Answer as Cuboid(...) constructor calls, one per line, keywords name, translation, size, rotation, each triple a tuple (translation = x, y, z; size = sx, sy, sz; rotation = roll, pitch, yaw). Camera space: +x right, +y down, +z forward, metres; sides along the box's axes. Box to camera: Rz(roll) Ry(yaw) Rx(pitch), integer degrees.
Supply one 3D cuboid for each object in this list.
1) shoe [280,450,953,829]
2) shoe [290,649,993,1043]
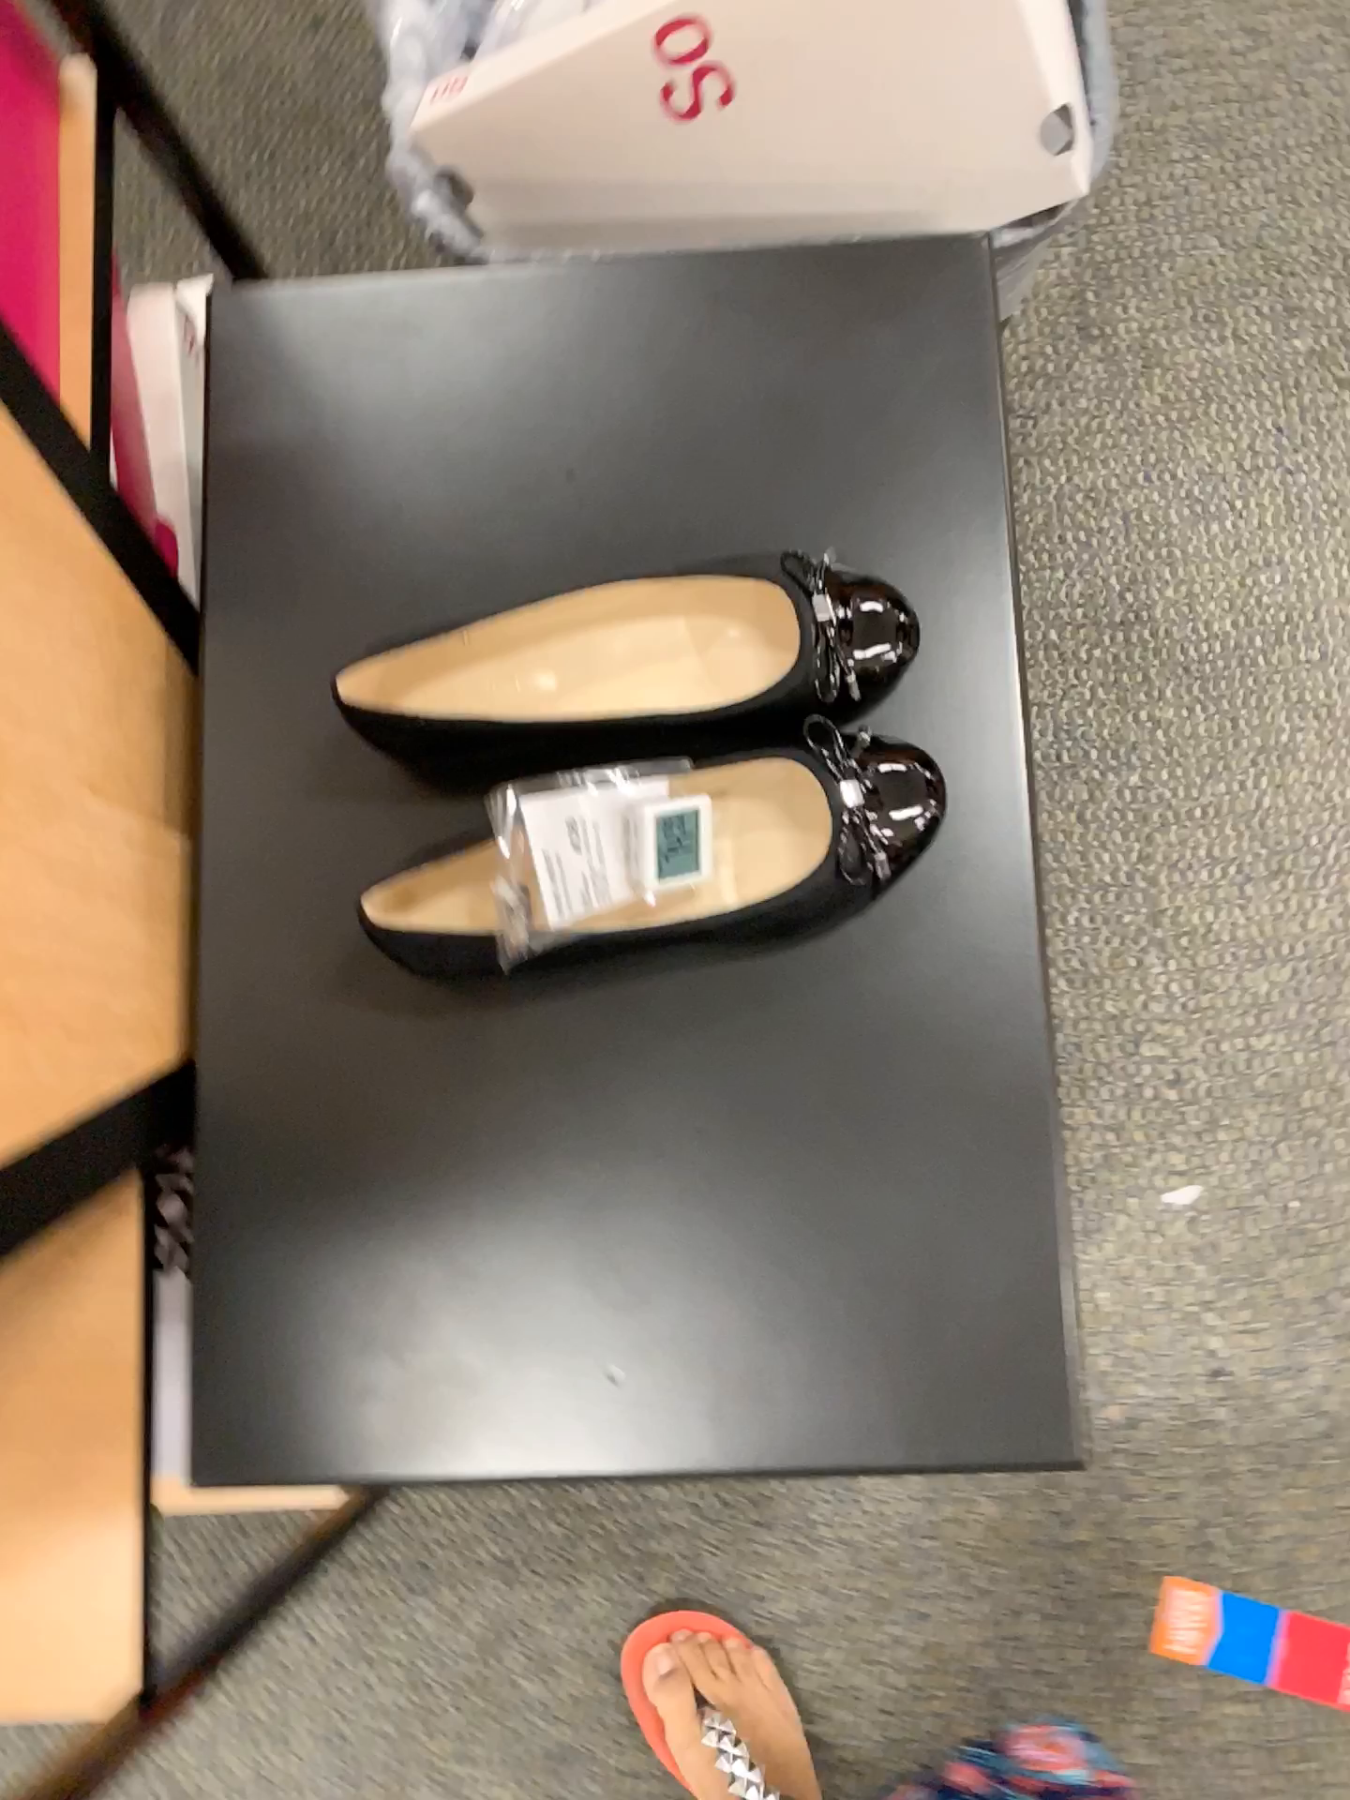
Cuboid(name="shoe", translation=(-0.022, -0.103, 0.580), size=(0.250, 0.100, 0.090), rotation=(-9, 81, 2))
Cuboid(name="shoe", translation=(-0.012, -0.016, 0.564), size=(0.250, 0.100, 0.090), rotation=(-13, 80, 2))
----
The problem = Where a picture appears, omit it, and otherwise retype the material exactly.

Answer =
Answer as Cuboid(...) constructor calls, one per line, keywords name, translation, size, rotation, each triple a tuple (translation = x, y, z; size = sx, sy, sz; rotation = roll, pitch, yaw). Camera space: +x right, +y down, +z forward, metres; sides along the box's axes. Box to camera: Rz(roll) Ry(yaw) Rx(pitch), integer degrees.
Supply one 3D cuboid for each object in this list.
1) shoe [280,450,953,829]
2) shoe [290,649,993,1043]
Cuboid(name="shoe", translation=(-0.022, -0.103, 0.580), size=(0.250, 0.100, 0.090), rotation=(-9, 81, 2))
Cuboid(name="shoe", translation=(-0.012, -0.016, 0.564), size=(0.250, 0.100, 0.090), rotation=(-13, 80, 2))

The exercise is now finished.